Relevar la necesidad de proteger de una forma más específica a las embarcaciones marítimas, especialmente si se trata de embarcaciones artesanales que naveguen por aguas interiores, es el objetivo del proyecto (boletín 13756) aprobado por la Cámara y enviado a segundo trámite, al Senado.

Su fin es garantizar que existan medidas preventivas. En dicho sentido, se establece que las embarcaciones de mayor tamaño no puedan quedar sin responsabilidad humana en su gobierno y conducción.

Se enfatiza la responsabilidad que cabe, solidariamente, a los armadores de las naves causantes de accidentes. Esto, cuando se producen graves daños materiales y pérdidas de vidas humanas.

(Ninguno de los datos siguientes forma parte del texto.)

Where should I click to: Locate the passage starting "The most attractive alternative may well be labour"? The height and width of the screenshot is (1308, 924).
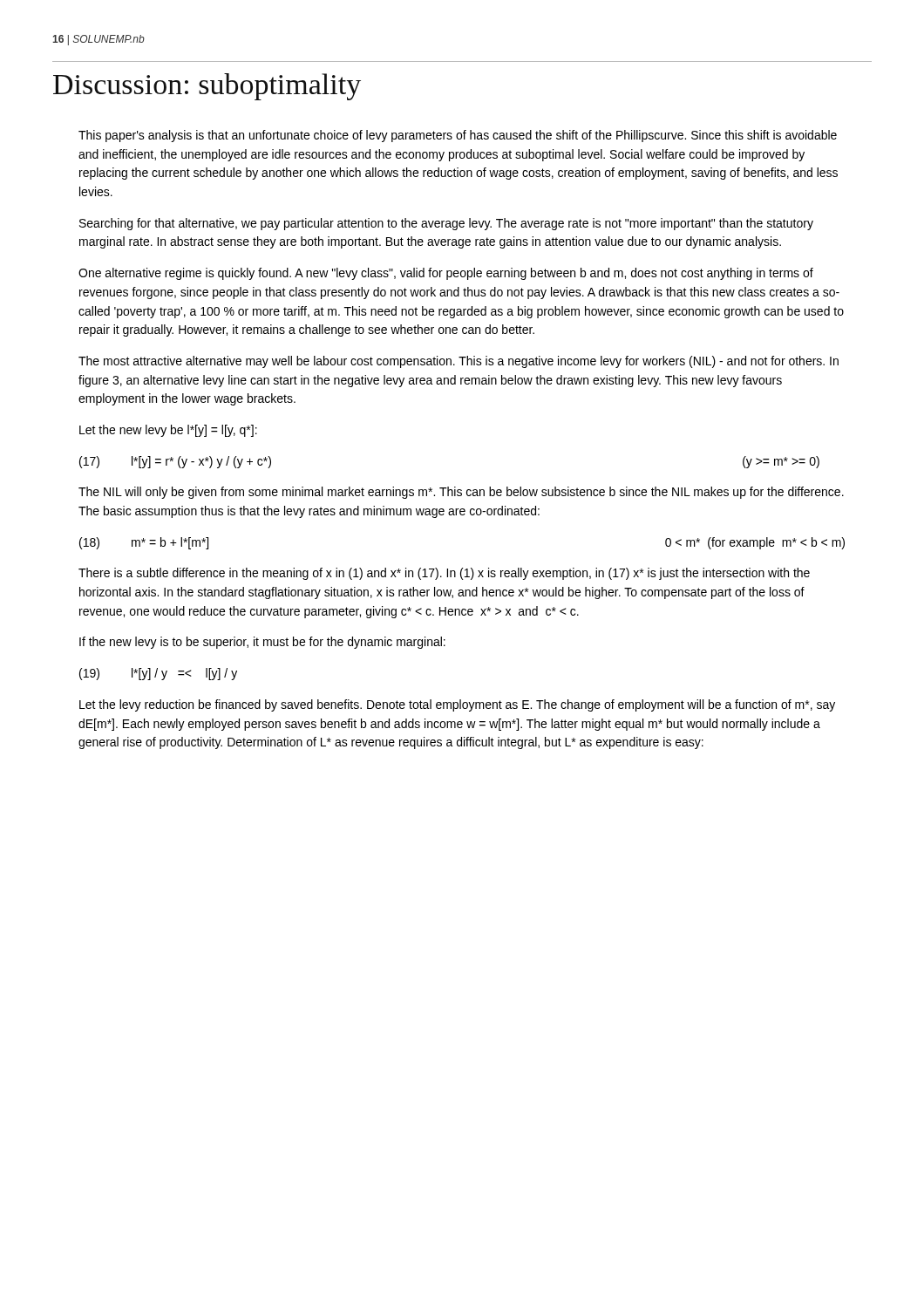click(x=459, y=380)
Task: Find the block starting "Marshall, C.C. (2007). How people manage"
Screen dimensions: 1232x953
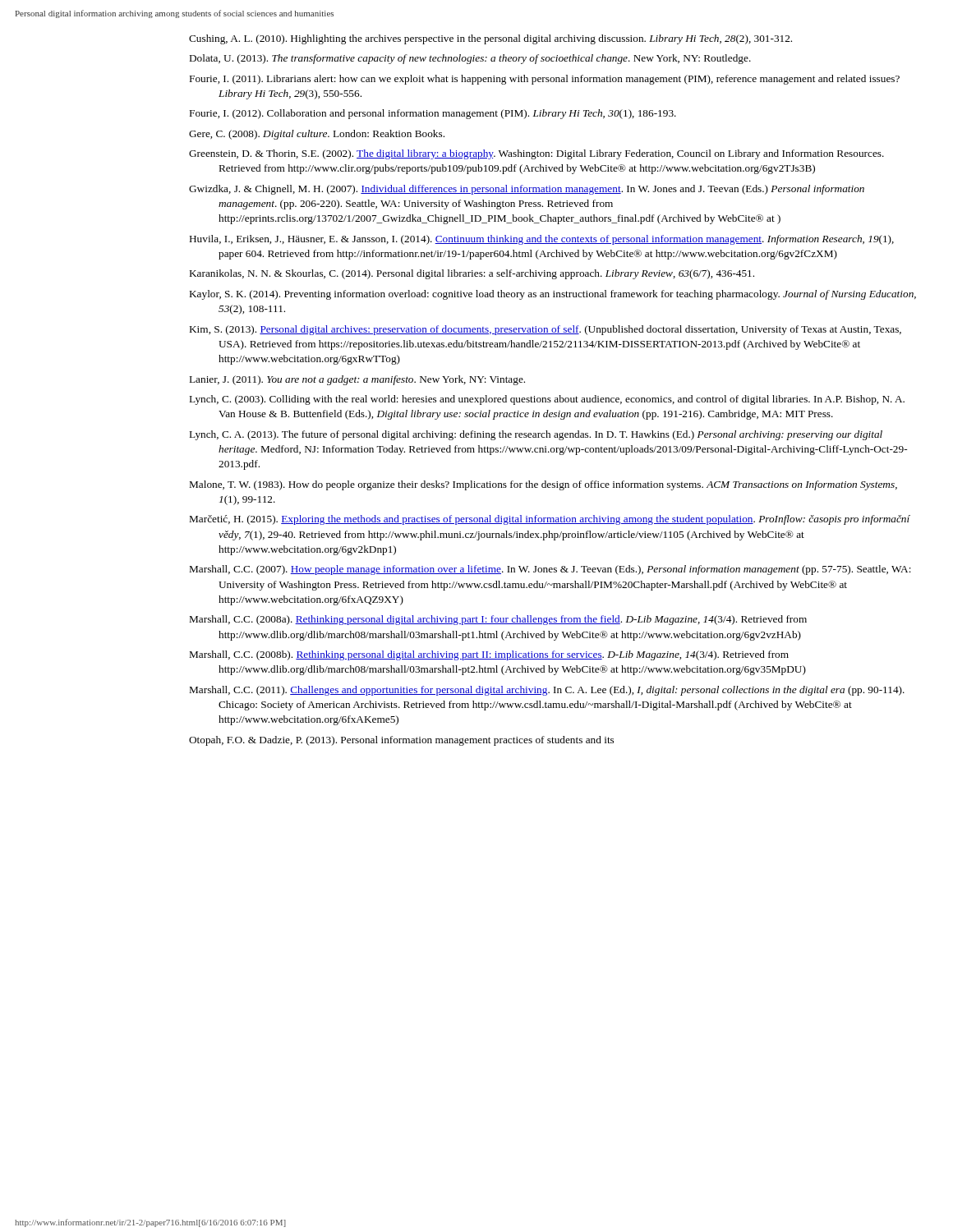Action: [x=550, y=584]
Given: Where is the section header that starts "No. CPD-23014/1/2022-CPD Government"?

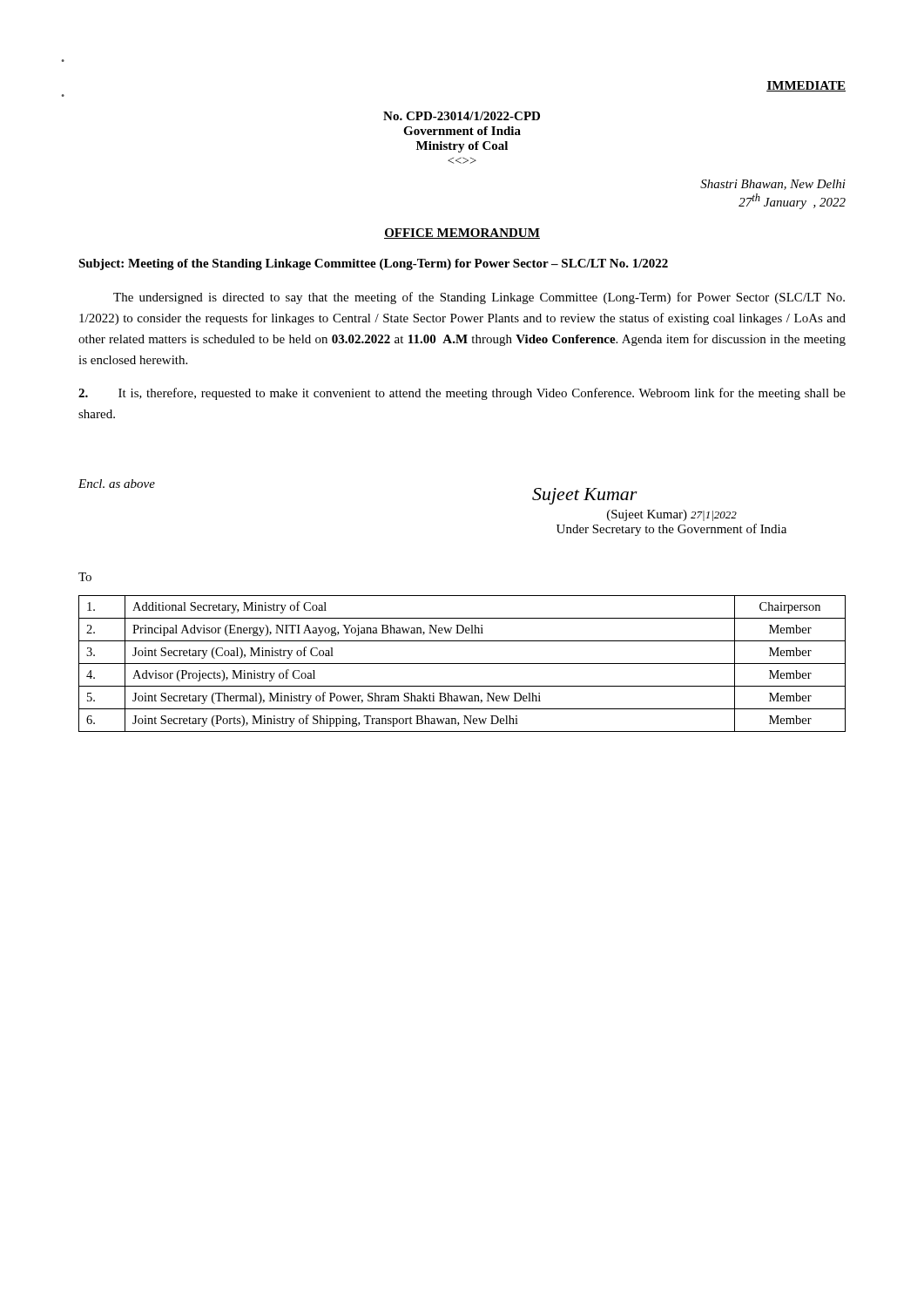Looking at the screenshot, I should coord(462,138).
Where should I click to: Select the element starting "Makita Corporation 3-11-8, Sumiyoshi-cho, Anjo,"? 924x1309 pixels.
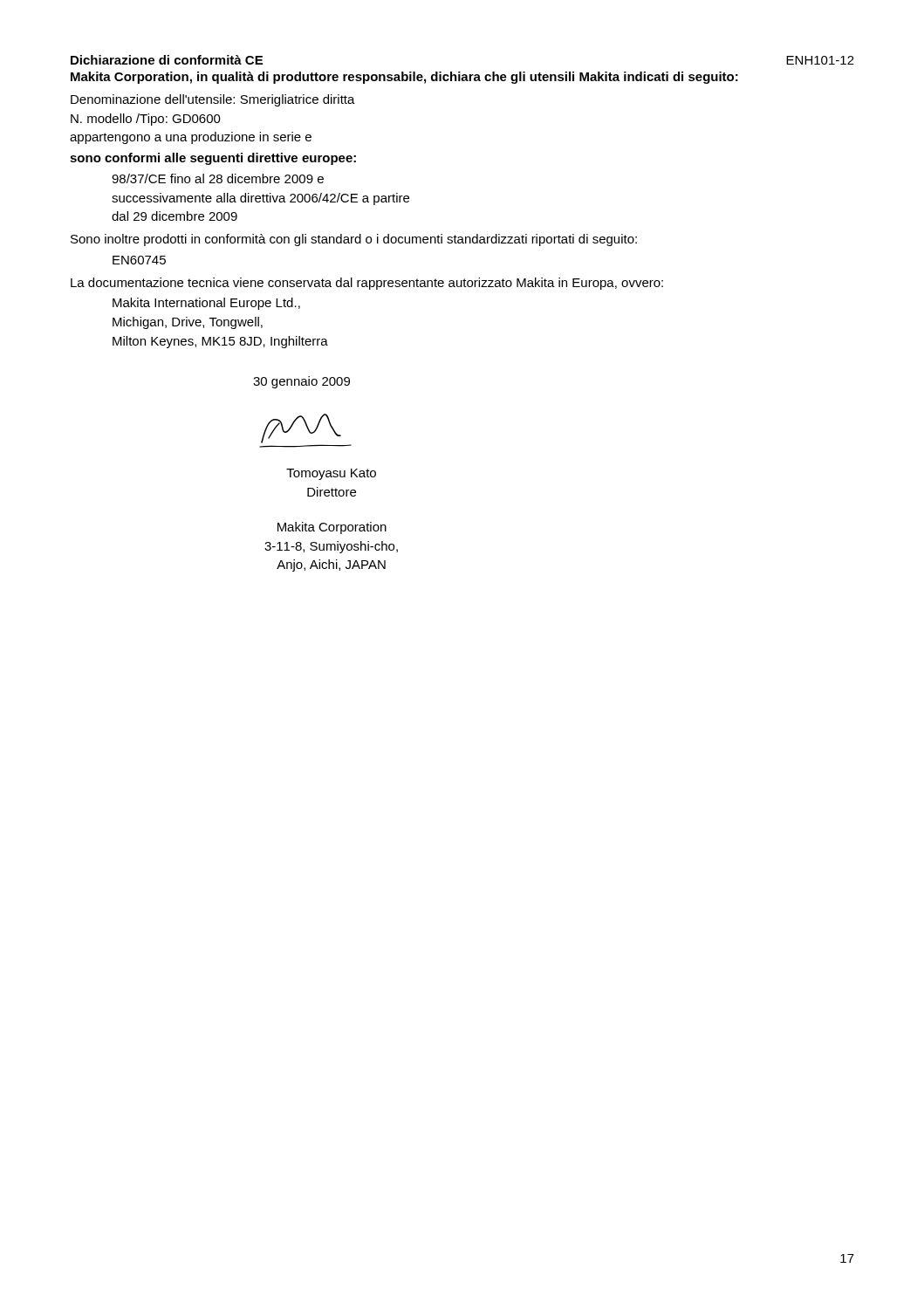point(332,546)
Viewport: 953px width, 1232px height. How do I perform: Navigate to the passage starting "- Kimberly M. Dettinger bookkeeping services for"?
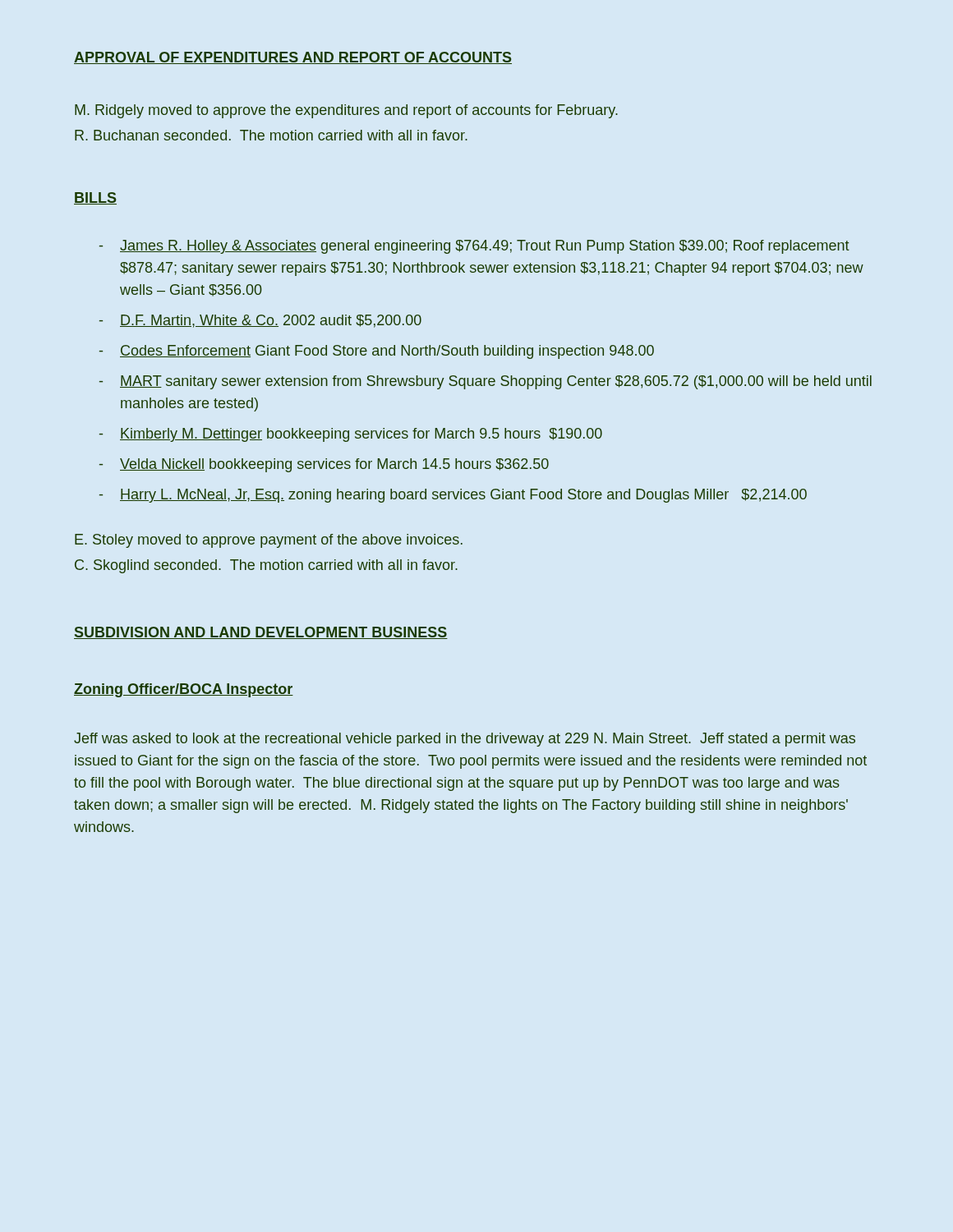click(489, 434)

En el texto se describen casos en que embarcaciones de mayor calado o que prestan servicios en labores industriales colisionan con naves de pesca artesanal. Ello, se acota, no solo provocan la obvia pérdida de las naves menores, sino también de vidas irreparable de pescadores.

Contenido del proyecto

La moción indica que el uso del piloto automático solo podrá realizarse bajo la estricta observancia del capitán o patrón de la nave. También corresponderá esta facultad para quien tenga su mando para tal efecto.

Toda nave a la que le sean aplicables las presentes disposiciones y que cuente con piloto automático deberá disponer de una cámara de vigilancia. Junto a ello, se deberá contar con un sistema de grabación.

Dicho sistema registrará que la persona responsable de la conducción de la nave preste la debida atención a las condiciones externas de la nave. La autoridad marítima establecerá las normas técnicas que deberá cumplir dicho sistema de vigilancia.

Se considerarán accidentes y se deberá instruir una investigación sumaria (por parte de la autoridad marítima) cuando el paso de una nave produzca la destrucción de artes y aparejos de pesca, aun cuando no ocurra abordaje entre las embarcaciones.

Lo anterior, con el fin de que funcionarios especialistas acrediten las circunstancias precisas en que se verificó un accidente en el mar. De tal manera, se espera que la resolución final sirva, eventualmente, como plena prueba o informe pericial para acreditar un hecho en sede civil de indemnización de perjuicio.